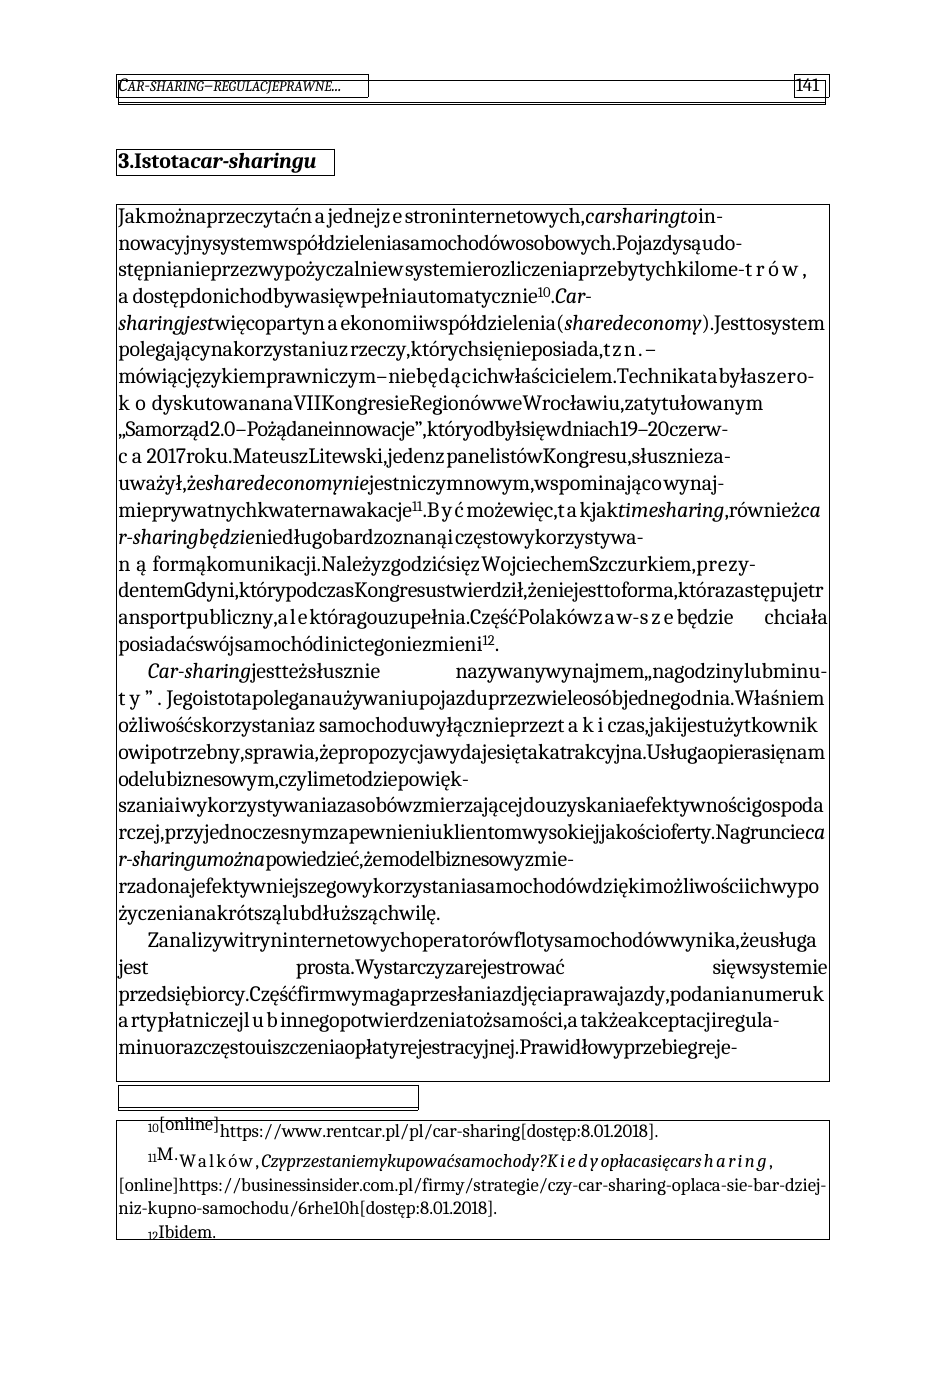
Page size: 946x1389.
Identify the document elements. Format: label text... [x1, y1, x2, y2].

text 3.Istotacar-sharingu [118, 150, 334, 173]
text 12Ibidem. [148, 1221, 829, 1239]
text 10[online]https://www.rentcar.pl/pl/car-sharing[dostęp:8.01.2018]. [148, 1121, 829, 1141]
text Jakmożnaprzeczytaćnajednejzestroninternetowych,carsharingtoin-nowacyjnysystemwspółdzieleniasamochodówosobowych.Pojazdysąudo-stępnianieprzezwypożyczalniewsystemierozliczeniaprzebytychkilome-trów, adostępdonichodbywasięwpełniautomatycznie10.Car-sharingjestwięcopartynaekonomiiwspółdzielenia(sharedeconomy).Jesttosystempolegającynakorzystaniuzrzeczy,którychsięnieposiada,tzn.–mówiącjęzykiemprawniczym–niebędącichwłaścicielem.Technikatabyłaszero-kodyskutowananaVIIKongresieRegionówweWrocławiu,zatytułowanym [118, 205, 828, 415]
text Car-sharingjestteżsłusznie nazywanywynajmem„nagodzinylubminu-ty”.Jegoistotapoleganaużywaniupojazduprzezwieleosóbjednegodnia.Właśniemożliwośćskorzystaniazsamochoduwyłącznieprzeztakiczas,jakijestużytkownikowipotrzebny,sprawia,żepropozycjawydajesiętakatrakcyjna.Usługaopierasięnamodelubiznesowym,czylimetodziepowięk-szaniaiwykorzystywaniazasobówzmierzającejdouzyskaniaefektywnościgospodarczej,przyjednoczesnymzapewnieniuklientomwysokiejjakościoferty.Nagrunciecar-sharingumożnapowiedzieć,żemodelbiznesowyzmie-rzadonajefektywniejszegowykorzystaniasamochodówdziękimożliwościichwypożyczenianakrótsząlubdłuższąchwilę. [118, 659, 827, 926]
text 11M.Walków,Czyprzestaniemykupowaćsamochody?Kiedyopłacasięcarsharing,[online]https://businessinsider.com.pl/firmy/strategie/czy-car-sharing-oplaca-sie-bar-dziej-niz-kupno-samochodu/6rhe10h[dostęp:8.01.2018]. [118, 1143, 828, 1219]
text CAR-SHARING–REGULACJEPRAWNE... [119, 81, 368, 96]
text Zanalizywitryninternetowychoperatorówflotysamochodówwynika,żeusługa jest prosta.Wystarczyzarejestrować sięwsystemie przedsiębiorcy.Częśćfirmwymagaprzesłaniazdjęciaprawajazdy,podanianumerukartypłatniczejlubinnegopotwierdzeniatożsamości,atakżeakceptacjiregula-minuorazczęstouiszczeniaopłatyrejestracyjnej.Prawidłowyprzebiegreje- [118, 928, 827, 1060]
text [118, 75, 368, 80]
text „Samorząd2.0–Pożądaneinnowacje”,któryodbyłsięwdniach19–20czerw-ca2017roku.MateuszLitewski,jedenzpanelistówKongresu,słusznieza-uważył,żesharedeconomyniejestniczymnowym,wspominającowynaj-mieprywatnychkwaternawakacje11.Byćmożewięc,takjaktimesharing,równieżcar-sharingbędzieniedługobardzoznanąiczęstowykorzystywa-nąformąkomunikacji.NależyzgodzićsięzWojciechemSzczurkiem,prezy-dentemGdyni,którypodczasKongresustwierdził,żeniejesttoforma,którazastępujetransportpubliczny,alektóragouzupełnia.CzęśćPolakówzaw-szebędzie chciała posiadaćswójsamochódinictegoniezmieni12. [118, 417, 828, 657]
text 141 [796, 75, 829, 96]
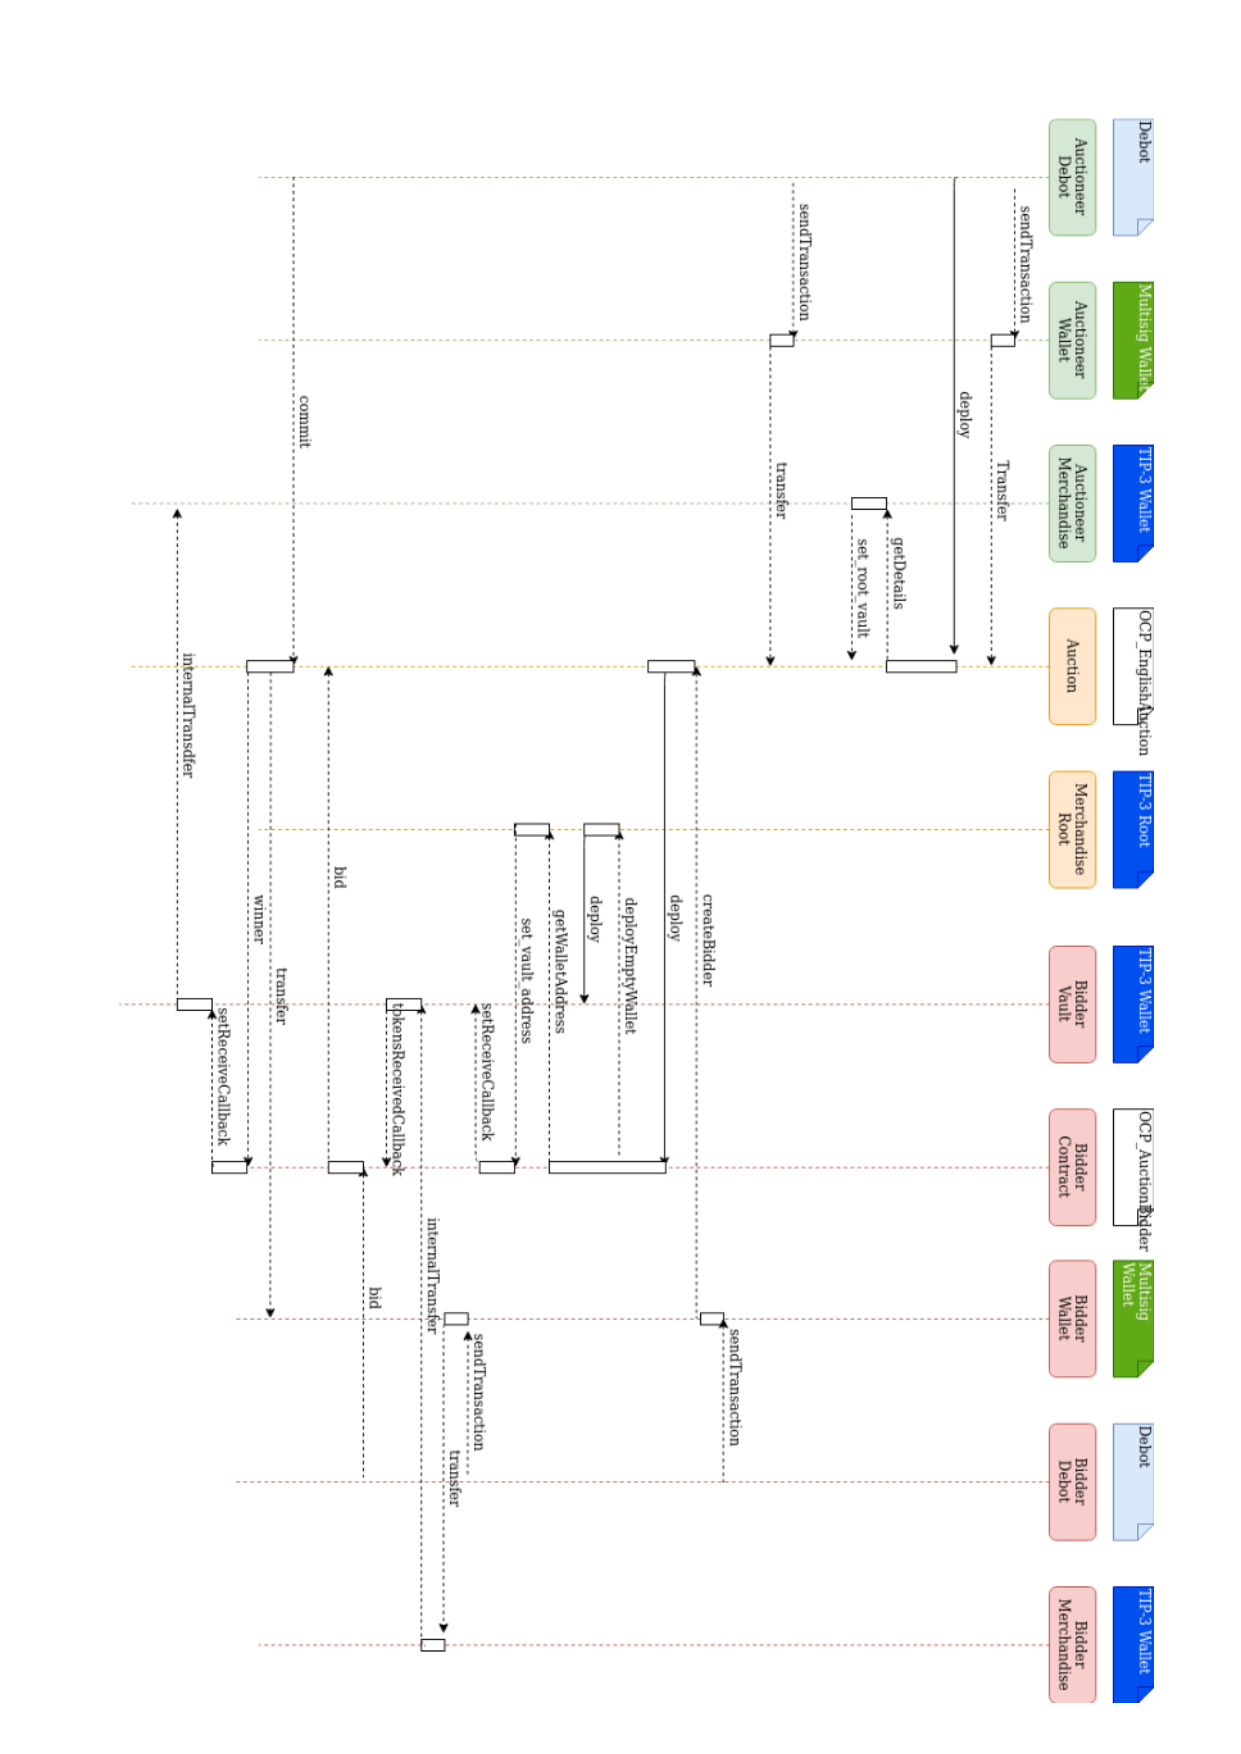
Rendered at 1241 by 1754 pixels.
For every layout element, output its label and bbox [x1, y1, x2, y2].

picture [120, 120, 1154, 1703]
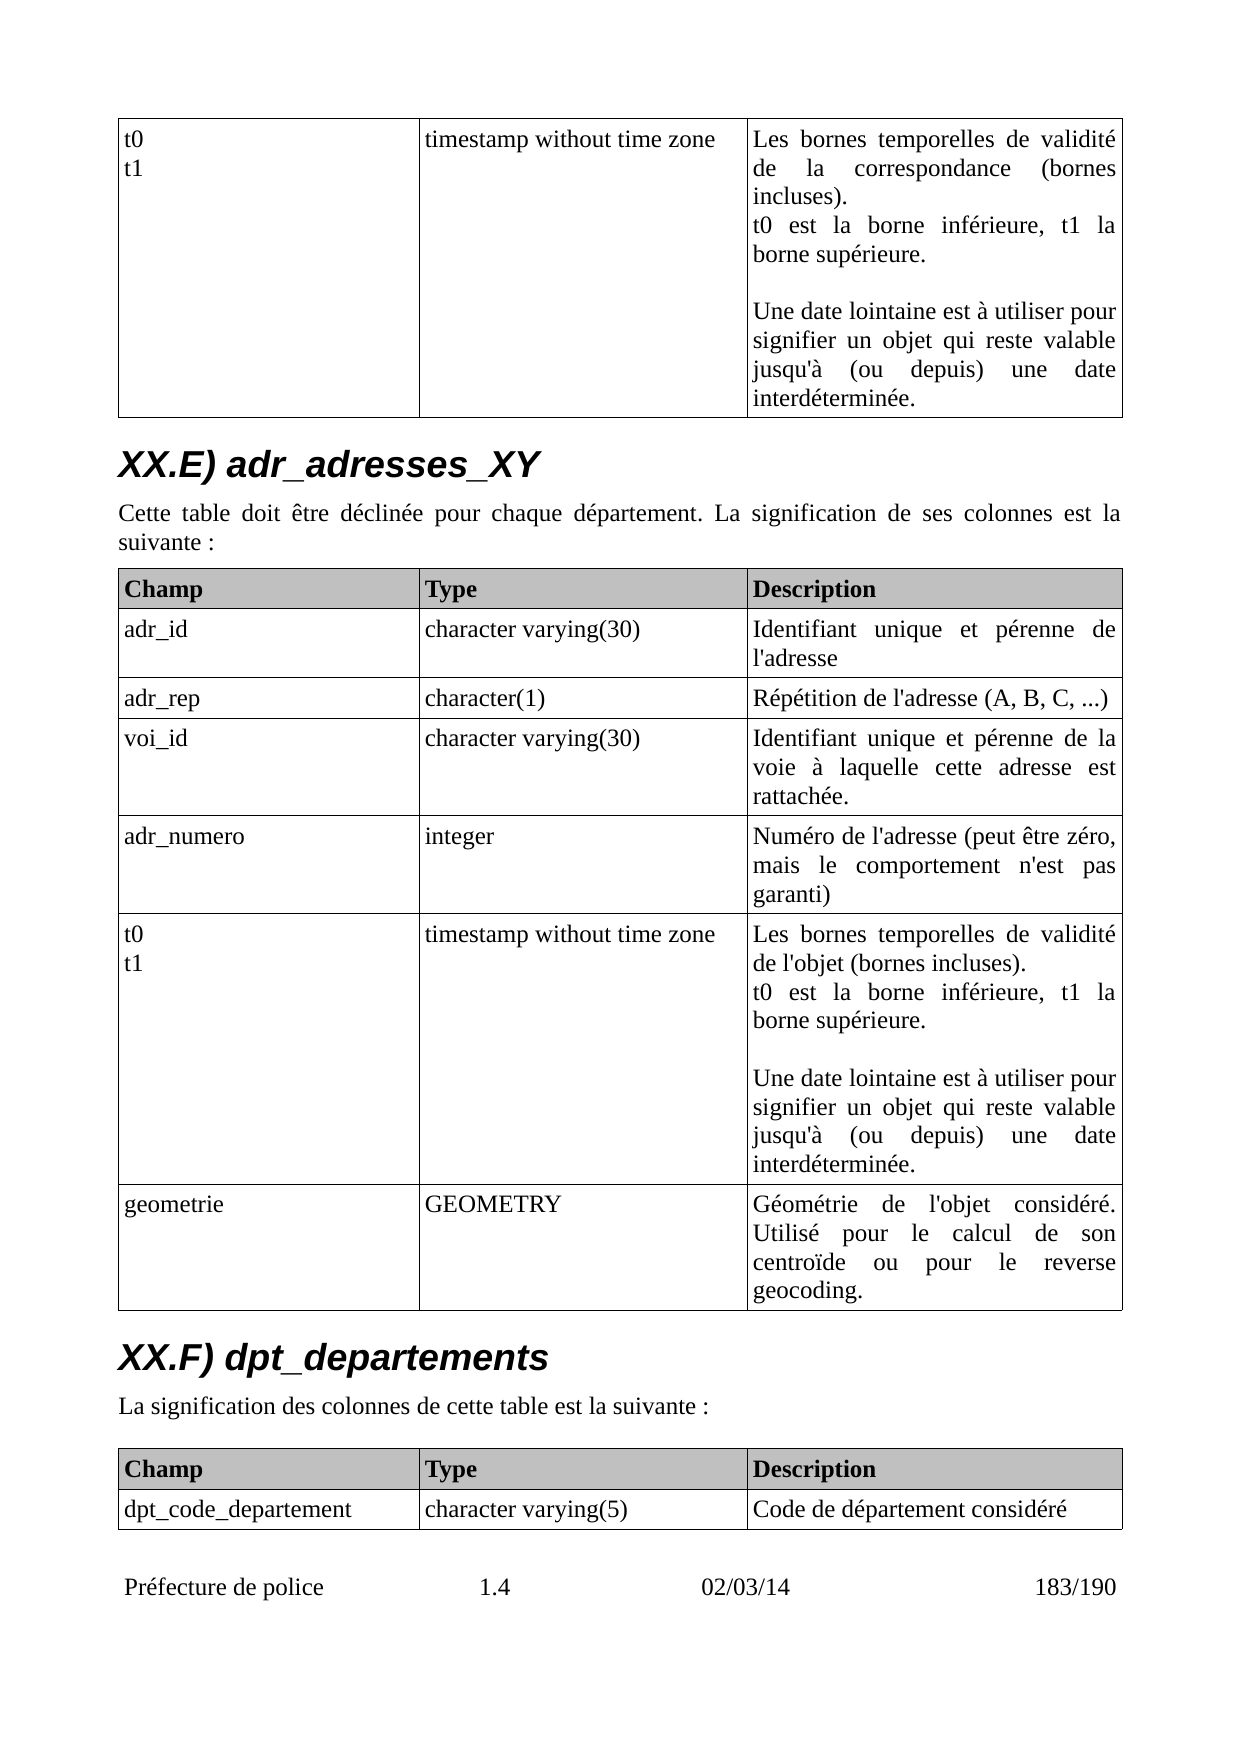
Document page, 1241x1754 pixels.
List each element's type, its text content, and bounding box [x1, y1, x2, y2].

table_cell character(1) [420, 678, 747, 718]
table_header Champ [119, 1449, 419, 1489]
table_cell integer [420, 816, 747, 913]
table_cell geometrie [119, 1185, 419, 1310]
table_cell character varying(30) [420, 719, 747, 815]
table_cell t0 t1 [119, 119, 419, 417]
table_cell Géométrie de l'objet considéré. Utilisé pour le calcul de son centroïde ou pour le reverse geocoding. [748, 1185, 1122, 1310]
table_cell character varying(30) [420, 609, 747, 677]
table_cell dpt_code_departement [119, 1490, 419, 1529]
table_cell adr_rep [119, 678, 419, 718]
table_header Description [748, 569, 1122, 608]
text La signification des colonnes de cette table est la suivante : [118, 1391, 1122, 1419]
table_cell Code de département considéré [748, 1490, 1122, 1529]
table_cell character varying(5) [420, 1490, 747, 1529]
table_header Champ [119, 569, 419, 608]
table_cell Répétition de l'adresse (A, B, C, ...) [748, 678, 1122, 718]
text Cette table doit être déclinée pour chaque département. La signification de ses colonnes est la suivante : [118, 498, 1122, 555]
table_cell Les bornes temporelles de validité de l'objet (bornes incluses). t0 est la borne inférieure, t1 la borne supérieure. Une date lointaine est à utiliser pour signifier un objet qui reste valable jusqu'à (ou depuis) une date interdéterminée. [748, 914, 1122, 1183]
table_cell Numéro de l'adresse (peut être zéro, mais le comportement n'est pas garanti) [748, 816, 1122, 913]
table_cell Identifiant unique et pérenne de la voie à laquelle cette adresse est rattachée. [748, 719, 1122, 815]
table_cell voi_id [119, 719, 419, 815]
table_cell Identifiant unique et pérenne de l'adresse [748, 609, 1122, 677]
table_cell t0 t1 [119, 914, 419, 1183]
table_cell adr_numero [119, 816, 419, 913]
table_header Description [748, 1449, 1122, 1489]
table_header Type [420, 569, 747, 608]
table_cell adr_id [119, 609, 419, 677]
table_header Type [420, 1449, 747, 1489]
table_cell timestamp without time zone [420, 914, 747, 1183]
table_cell Les bornes temporelles de validité de la correspondance (bornes incluses). t0 est la borne inférieure, t1 la borne supérieure. Une date lointaine est à utiliser pour signifier un objet qui reste valable jusqu'à (ou depuis) une date interdéterminée. [748, 119, 1122, 417]
table_cell GEOMETRY [420, 1185, 747, 1310]
subtitle adr_adresses_XY [118, 442, 1122, 485]
subtitle dpt_departements [118, 1335, 1122, 1378]
table_cell timestamp without time zone [420, 119, 747, 417]

◇ ◇ ◇ ◇ ◇

◆ **INSTRUCTIONS FOR THE TASK**
Print the line above containing "text [118, 75, 368, 80]", the line containing "Document page, 1241x1754 pixels.", and everything between them, exactly as written. Pictures stay out.

◆ **OUTPUT OF THE TASK**
text [118, 75, 368, 80]
text „Samorząd2.0–Pożądaneinnowacje”,któryodbyłsięwdniach19–20czerw-ca2017roku.MateuszLitewski,jedenzpanelistówKongresu,słusznieza-uważył,żesharedeconomyniejestniczymnowym,wspominającowynaj-mieprywatnychkwaternawakacje11.Byćmożewięc,takjaktimesharing,równieżcar-sharingbędzieniedługobardzoznanąiczęstowykorzystywa-nąformąkomunikacji.NależyzgodzićsięzWojciechemSzczurkiem,prezy-dentemGdyni,którypodczasKongresustwierdził,żeniejesttoforma,którazastępujetransportpubliczny,alektóragouzupełnia.CzęśćPolakówzaw-szebędzie chciała posiadaćswójsamochódinictegoniezmieni12. [118, 417, 828, 657]
text 141 [796, 75, 829, 96]
Rendered at 1241 by 1754 pixels.
For every layout element, output its label and bbox [x1, y1, x2, y2].

picture [120, 120, 1154, 1703]
Document page, 1241x1754 pixels.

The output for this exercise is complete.